Elfenportal

Damals war es Herbst, zu der Zeit, in der bunte Blätter den Boden bedeckten und kühle Brisen durch die Straßen wehten. Der Himmel war grau und das Wetter ungemütlich. Zu solch einer Zeit sollte man lieber zu Hause sitzen und auf schöneres Wetter warten.
Der Tag damals war besonders schlimm. Der Wind wühlte all die roten, braunen und gelben Blätter auf. Der Himmel war voll von sturmgrauen Wolken. Überall ächzten die Äste der Bäume unter den ständigen Böen.
Durch eine Baumallee spazierte ein junges Mädchen, das mit einer dicken Daunenjacke bekleidet war und wasserfeste Schuhe trug. Ihr schulterlanges braunes Haar peitschte umher. Sie hatte ihre Hände tief in den Taschen ihrer warmen Jacke vergraben und ging leicht gebückt vorwärts, das Gesicht vom Wind abgewandt. Der Name dieses Mädchens war Alexa.

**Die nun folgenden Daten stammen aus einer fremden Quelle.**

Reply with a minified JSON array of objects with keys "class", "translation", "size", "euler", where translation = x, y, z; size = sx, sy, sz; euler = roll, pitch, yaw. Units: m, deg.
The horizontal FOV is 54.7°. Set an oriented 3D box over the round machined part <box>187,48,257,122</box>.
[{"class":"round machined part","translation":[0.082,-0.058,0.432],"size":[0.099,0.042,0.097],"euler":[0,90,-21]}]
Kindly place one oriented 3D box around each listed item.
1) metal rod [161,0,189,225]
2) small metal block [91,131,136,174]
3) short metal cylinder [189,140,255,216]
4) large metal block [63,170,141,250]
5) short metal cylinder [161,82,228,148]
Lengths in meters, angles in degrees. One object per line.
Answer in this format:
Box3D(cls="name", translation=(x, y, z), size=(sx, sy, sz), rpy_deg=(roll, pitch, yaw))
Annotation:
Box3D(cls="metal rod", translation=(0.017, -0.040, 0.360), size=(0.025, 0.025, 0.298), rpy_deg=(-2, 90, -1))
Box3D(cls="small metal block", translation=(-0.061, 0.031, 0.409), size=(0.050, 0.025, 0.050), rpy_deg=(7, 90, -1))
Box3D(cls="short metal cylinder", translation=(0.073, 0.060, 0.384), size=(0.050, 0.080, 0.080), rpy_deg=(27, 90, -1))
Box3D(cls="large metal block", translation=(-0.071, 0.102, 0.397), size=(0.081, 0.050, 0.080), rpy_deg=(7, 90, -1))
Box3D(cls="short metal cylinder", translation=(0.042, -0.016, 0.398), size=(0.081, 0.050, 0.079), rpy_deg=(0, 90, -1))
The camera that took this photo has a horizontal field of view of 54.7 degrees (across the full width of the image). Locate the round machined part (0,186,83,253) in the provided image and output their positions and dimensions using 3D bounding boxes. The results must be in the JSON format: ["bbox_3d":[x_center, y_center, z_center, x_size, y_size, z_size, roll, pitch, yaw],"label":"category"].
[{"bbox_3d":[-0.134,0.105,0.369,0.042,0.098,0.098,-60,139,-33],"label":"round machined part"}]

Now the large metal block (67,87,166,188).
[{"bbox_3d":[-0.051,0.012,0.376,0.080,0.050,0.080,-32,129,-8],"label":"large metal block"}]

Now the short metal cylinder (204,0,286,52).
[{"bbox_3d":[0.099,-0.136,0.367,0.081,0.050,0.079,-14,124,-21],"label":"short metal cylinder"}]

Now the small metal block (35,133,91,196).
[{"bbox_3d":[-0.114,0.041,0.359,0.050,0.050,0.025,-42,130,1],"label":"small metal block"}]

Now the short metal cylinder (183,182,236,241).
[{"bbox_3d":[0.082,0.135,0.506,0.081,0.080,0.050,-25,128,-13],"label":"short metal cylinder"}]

Alexa war nicht besonders gut gelaunt. Genauer gesagt war sie traurig. Und verzweifelt. Ihr Freund, Tim, war vor einigen Tagen spurlos verschwunden. Die Polizei suchte noch nach ihm, bisher erfolglos. Alexa machte sich unglaublich viele Sorgen um ihn. Schon zwei Jahre waren sie zusammen gewesen und hatten sich nahezu jeden Tag getroffen. Sie konnte sich noch genau an die letzte SMS erinnern, die sie von ihm bekommen hatte: Hey! Wie wär’s mit Kino? Meine Eltern sind gerade weg, ich könnte dich abholen. Hoffentlich bis gleich, Tim.
Doch nun war Tim weg und Alexa wusste nicht, was sie jetzt tun sollte. Ihre Freunde und Familie mussten hilflos zusehen, wie sie unruhig durch die Straßen schlich und kaum noch ein Wort mit ihnen wechselte.
Alexa wischte sich eine kleine Träne aus dem Auge. Wo war Tim bloß? Sie vermisste ihn. Ohne ihn hatte sie zu nichts Lust; weder zum Lesen, noch zum Singen oder Sport treiben. Sie hatte sich durch die Abwesendheit ihres Freundes zu einem wahren Stubenhocker entwickelt. Sie seufzte und sah auf. Vor ihr zog sich die Allee scheinbar endlich hin; es war kein Ende zu erkennen, und als das Mädchen über ihre Schulter zurückblickte, sah sie nicht einmal den Anfang.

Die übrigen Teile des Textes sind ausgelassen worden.